Compounds I–III crystallise in the chiral Sohncke space group C2 and IV in P321. Selected crystallographic data and refinement results are summarised in Table S2 (ESI†). In I–III, the three unique Sb atoms are on general positions, one of the eight crystallographically independent V atoms is located on a general position, and one of the three Ni centres is on a special position. In the structure of IV, the atoms V2, O1, O5, Ni1 and Ni3 are on special positions, whereas all other atoms are on general positions. All structures consist of isolated [V₁₅Sb₆O₄₂(H₂O)_x]⁶⁻ (x = 0, 1) clusters with charge-compensating {M(en)₃}²⁺ complexes. Residual electron density in the cluster cavities is consistent with single water molecules encapsulated in a fraction of the clusters. The cluster shell is constructed from 15 VO₅ square pyramids sharing common edges and vertices and three Sb₂O₅ handles formed by corner-sharing of two SbO₃ moieties (Fig. 1). The anion is structurally related to the {V₁₈O₄₂} archetype. Replacing three VO₅ square pyramids by three Sb₂O₅ moieties yields the anions of the compounds under study here.
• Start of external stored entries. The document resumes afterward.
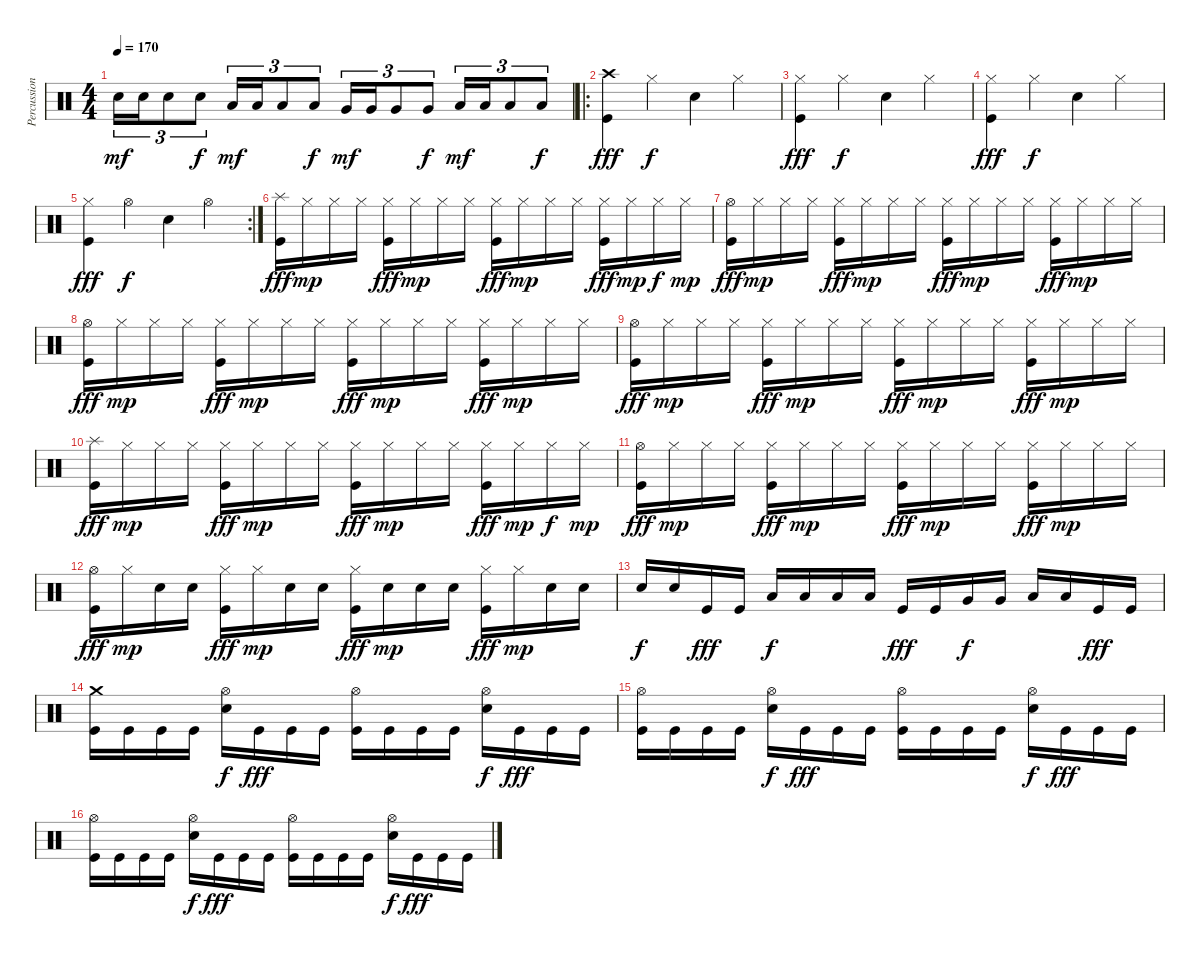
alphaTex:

\track ("Percussion" "Percussion") {instrument percussion}
\staff {score}
\articulation defaults
\ts (4 4)
\tempo 170
\clef neutral
\ks c "Electric Snare (hit)".16{tu (3 2) dy mf} "Electric Snare (hit)".16{tu (3 2)} "Electric Snare (hit)".8{tu (3 2)} "Electric Snare (hit)".8{tu (3 2) dy f} "Low Tom (hit)".16{tu (3 2) dy mf} "Low Tom (hit)".16{tu (3 2)} "Low Tom (hit)".8{tu (3 2)} "Low Tom (hit)".8{tu (3 2) dy f} "Very Low Tom (hit)".16{tu (3 2) dy mf} "Very Low Tom (hit)".16{tu (3 2)} "Very Low Tom (hit)".8{tu (3 2)} "Very Low Tom (hit)".8{tu (3 2) dy f} "Low Floor Tom (hit)".16{tu (3 2) dy mf} "Low Floor Tom (hit)".16{tu (3 2)} "Low Floor Tom (hit)".8{tu (3 2)} "Low Floor Tom (hit)".8{tu (3 2) dy f}
|
\ro
("Crash high (hit)" "Kick (hit)").4{dy fff} "Hi-Hat (closed)".4{dy f} "Electric Snare (hit)".4 "Hi-Hat (closed)".4 |
("Hi-Hat (closed)" "Kick (hit)").4{dy fff} "Hi-Hat (closed)".4{dy f} "Electric Snare (hit)".4 "Hi-Hat (closed)".4 |
("Hi-Hat (closed)" "Kick (hit)").4{dy fff} "Hi-Hat (closed)".4{dy f} "Electric Snare (hit)".4 "Hi-Hat (closed)".4 |
\rc 2
("Hi-Hat (closed)" "Kick (hit)").4{dy fff} "Hi-Hat (open)".4{dy f} "Electric Snare (hit)".4 "Hi-Hat (open)".4 |
("Splash (hit)" "Kick (hit)").16{dy fff} "Hi-Hat (closed)".16{dy mp} "Hi-Hat (closed)".16 "Hi-Hat (closed)".16 ("Hi-Hat (closed)" "Kick (hit)").16{dy fff} "Hi-Hat (closed)".16{dy mp} "Hi-Hat (closed)".16 "Hi-Hat (closed)".16 ("Hi-Hat (closed)" "Kick (hit)").16{dy fff} "Hi-Hat (closed)".16{dy mp} "Hi-Hat (closed)".16 "Hi-Hat (closed)".16 ("Hi-Hat (closed)" "Kick (hit)").16{dy fff} "Hi-Hat (closed)".16{dy mp} "Hi-Hat (closed)".16{dy f} "Hi-Hat (closed)".16{dy mp} |
("Hi-Hat (open)" "Kick (hit)").16{dy fff} "Hi-Hat (closed)".16{dy mp} "Hi-Hat (closed)".16 "Hi-Hat (closed)".16 ("Hi-Hat (closed)" "Kick (hit)").16{dy fff} "Hi-Hat (closed)".16{dy mp} "Hi-Hat (closed)".16 "Hi-Hat (closed)".16 ("Hi-Hat (closed)" "Kick (hit)").16{dy fff} "Hi-Hat (closed)".16{dy mp} "Hi-Hat (closed)".16 "Hi-Hat (closed)".16 ("Hi-Hat (closed)" "Kick (hit)").16{dy fff} "Hi-Hat (closed)".16{dy mp} "Hi-Hat (closed)".16 "Hi-Hat (closed)".16 |
("Hi-Hat (open)" "Kick (hit)").16{dy fff} "Hi-Hat (closed)".16{dy mp} "Hi-Hat (closed)".16 "Hi-Hat (closed)".16 ("Hi-Hat (closed)" "Kick (hit)").16{dy fff} "Hi-Hat (closed)".16{dy mp} "Hi-Hat (closed)".16 "Hi-Hat (closed)".16 ("Hi-Hat (closed)" "Kick (hit)").16{dy fff} "Hi-Hat (closed)".16{dy mp} "Hi-Hat (closed)".16 "Hi-Hat (closed)".16 ("Hi-Hat (closed)" "Kick (hit)").16{dy fff} "Hi-Hat (closed)".16{dy mp} "Hi-Hat (closed)".16 "Hi-Hat (closed)".16 |
("Hi-Hat (open)" "Kick (hit)").16{dy fff} "Hi-Hat (closed)".16{dy mp} "Hi-Hat (closed)".16 "Hi-Hat (closed)".16 ("Hi-Hat (closed)" "Kick (hit)").16{dy fff} "Hi-Hat (closed)".16{dy mp} "Hi-Hat (closed)".16 "Hi-Hat (closed)".16 ("Hi-Hat (closed)" "Kick (hit)").16{dy fff} "Hi-Hat (closed)".16{dy mp} "Hi-Hat (closed)".16 "Hi-Hat (closed)".16 ("Hi-Hat (closed)" "Kick (hit)").16{dy fff} "Hi-Hat (closed)".16{dy mp} "Hi-Hat (closed)".16 "Hi-Hat (closed)".16 |
("Splash (hit)" "Kick (hit)").16{dy fff} "Hi-Hat (closed)".16{dy mp} "Hi-Hat (closed)".16 "Hi-Hat (closed)".16 ("Hi-Hat (closed)" "Kick (hit)").16{dy fff} "Hi-Hat (closed)".16{dy mp} "Hi-Hat (closed)".16 "Hi-Hat (closed)".16 ("Hi-Hat (closed)" "Kick (hit)").16{dy fff} "Hi-Hat (closed)".16{dy mp} "Hi-Hat (closed)".16 "Hi-Hat (closed)".16 ("Hi-Hat (closed)" "Kick (hit)").16{dy fff} "Hi-Hat (closed)".16{dy mp} "Hi-Hat (closed)".16{dy f} "Hi-Hat (closed)".16{dy mp} |
("Hi-Hat (open)" "Kick (hit)").16{dy fff} "Hi-Hat (closed)".16{dy mp} "Hi-Hat (closed)".16 "Hi-Hat (closed)".16 ("Hi-Hat (closed)" "Kick (hit)").16{dy fff} "Hi-Hat (closed)".16{dy mp} "Hi-Hat (closed)".16 "Hi-Hat (closed)".16 ("Hi-Hat (closed)" "Kick (hit)").16{dy fff} "Hi-Hat (closed)".16{dy mp} "Hi-Hat (closed)".16 "Hi-Hat (closed)".16 ("Hi-Hat (closed)" "Kick (hit)").16{dy fff} "Hi-Hat (closed)".16{dy mp} "Hi-Hat (closed)".16 "Hi-Hat (closed)".16 |
("Hi-Hat (open)" "Kick (hit)").16{dy fff} "Hi-Hat (closed)".16{dy mp} "Electric Snare (hit)".16 "Electric Snare (hit)".16 ("Hi-Hat (closed)" "Kick (hit)").16{dy fff} "Hi-Hat (closed)".16{dy mp} "Electric Snare (hit)".16 "Electric Snare (hit)".16 ("Hi-Hat (closed)" "Kick (hit)").16{dy fff} "Electric Snare (hit)".16{dy mp} "Electric Snare (hit)".16 "Electric Snare (hit)".16 ("Hi-Hat (closed)" "Kick (hit)").16{dy fff} "Hi-Hat (closed)".16{dy mp} "Electric Snare (hit)".16 "Electric Snare (hit)".16 |
"Electric Snare (hit)".16{dy f} "Electric Snare (hit)".16 "Kick (hit)".16{dy fff} "Kick (hit)".16 "Low Tom (hit)".16{dy f} "Low Tom (hit)".16 "Low Tom (hit)".16 "Low Tom (hit)".16 "Kick (hit)".16{dy fff} "Kick (hit)".16 "Very Low Tom (hit)".16{dy f} "Very Low Tom (hit)".16 "Low Floor Tom (hit)".16 "Low Floor Tom (hit)".16 "Kick (hit)".16{dy fff} "Kick (hit)".16 |
("Crash medium (hit)" "Kick (hit)").16 "Kick (hit)".16 "Kick (hit)".16 "Kick (hit)".16 ("Hi-Hat (open)" "Electric Snare (hit)").16{dy f} "Kick (hit)".16{dy fff} "Kick (hit)".16 "Kick (hit)".16 ("Hi-Hat (open)" "Kick (hit)").16 "Kick (hit)".16 "Kick (hit)".16 "Kick (hit)".16 ("Hi-Hat (open)" "Electric Snare (hit)").16{dy f} "Kick (hit)".16{dy fff} "Kick (hit)".16 "Kick (hit)".16 |
("Hi-Hat (open)" "Kick (hit)").16 "Kick (hit)".16 "Kick (hit)".16 "Kick (hit)".16 ("Hi-Hat (open)" "Electric Snare (hit)").16{dy f} "Kick (hit)".16{dy fff} "Kick (hit)".16 "Kick (hit)".16 ("Hi-Hat (open)" "Kick (hit)").16 "Kick (hit)".16 "Kick (hit)".16 "Kick (hit)".16 ("Hi-Hat (open)" "Electric Snare (hit)").16{dy f} "Kick (hit)".16{dy fff} "Kick (hit)".16 "Kick (hit)".16 |
("Hi-Hat (open)" "Kick (hit)").16 "Kick (hit)".16 "Kick (hit)".16 "Kick (hit)".16 ("Hi-Hat (open)" "Electric Snare (hit)").16{dy f} "Kick (hit)".16{dy fff} "Kick (hit)".16 "Kick (hit)".16 ("Hi-Hat (open)" "Kick (hit)").16 "Kick (hit)".16 "Kick (hit)".16 "Kick (hit)".16 ("Hi-Hat (open)" "Electric Snare (hit)").16{dy f} "Kick (hit)".16{dy fff} "Kick (hit)".16 "Kick (hit)".16

The V–O bond lengths in the VO₅ square pyramids are characterised by a short terminal V=O bond (ca. 1.6 Å) and four bonds to μ₃-bridging O atoms (ca. 1.9–2.0 Å; Tables S3–S6, ESI†); as also observed in many POVs and chemically modified polyoxovanadates.³ The Sb–O bond lengths (1.9–2.0 Å) are typical for Sb^III–O and match well those reported for other Sb-POVs.^5,20 The cluster shells and {M(en)₃}²⁺ counterions in I–III are arranged in a layer-like fashion with alternating anions and cations along all three axes (Fig. 2). The constituents in the structure of IV exhibit a similar arrangement (Fig. S7, ESI†). The oxidation states of Sb and V were determined as +III and +IV applying the bond valence sum method²¹ (BVS; see ESI† for details).

Fig. 1 Left: Polyhedral representation of the [V₁₅Sb₆O₄₂(H₂O)_x]⁶⁻ cluster anion. A part of the cluster anions contains encapsulated water molecules. Red: oxygen; orange: antimony. Right: Space-filling representation showing the cluster to be tightly closed so that the encapsulated water is trapped inside the cluster cavity.
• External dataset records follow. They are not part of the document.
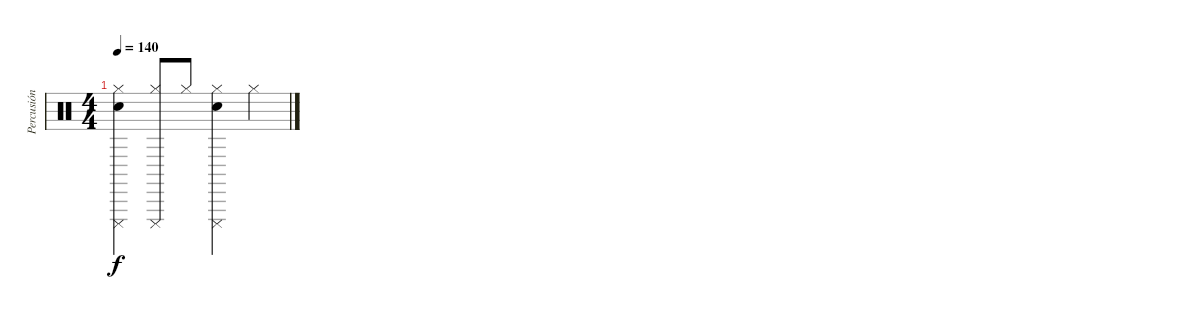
\track ("Percusión" "Percusión") {instrument percussion}
\staff {score}
\articulation defaults
\ts (4 4)
\tempo 140
\clef neutral
\ks c
("Snare (hit) 2" "Cuica (mute)" "Hi-Hat (closed)").4{dy f} ("Cuica (mute)" "Hi-Hat (closed)").8 "Hi-Hat (closed)".8 ("Snare (hit) 2" "Cuica (mute)" "Hi-Hat (closed)").4 "Hi-Hat (closed)".4

Fig. 2 Arrangement of the cluster anions and cations in the structures of I–III. Hydrogen atoms and water molecules are not shown.

All four compounds contain three {M(en)₃}²⁺ cations in distorted octahedral coordination geometries adopting the Δ and Λ isomer as configurations (Fig. 3). The M–N bond lengths (Tables S7–S10, ESI†) are in accordance with literature data.²² The distortion of the octahedra is evidenced by the N–M–N angles.

Fig. 3 Molecular structures of the two different isomers of the {M(en)₃}²⁺ cations in the structures of I–III (top) and of IV (bottom). H atoms are not displayed.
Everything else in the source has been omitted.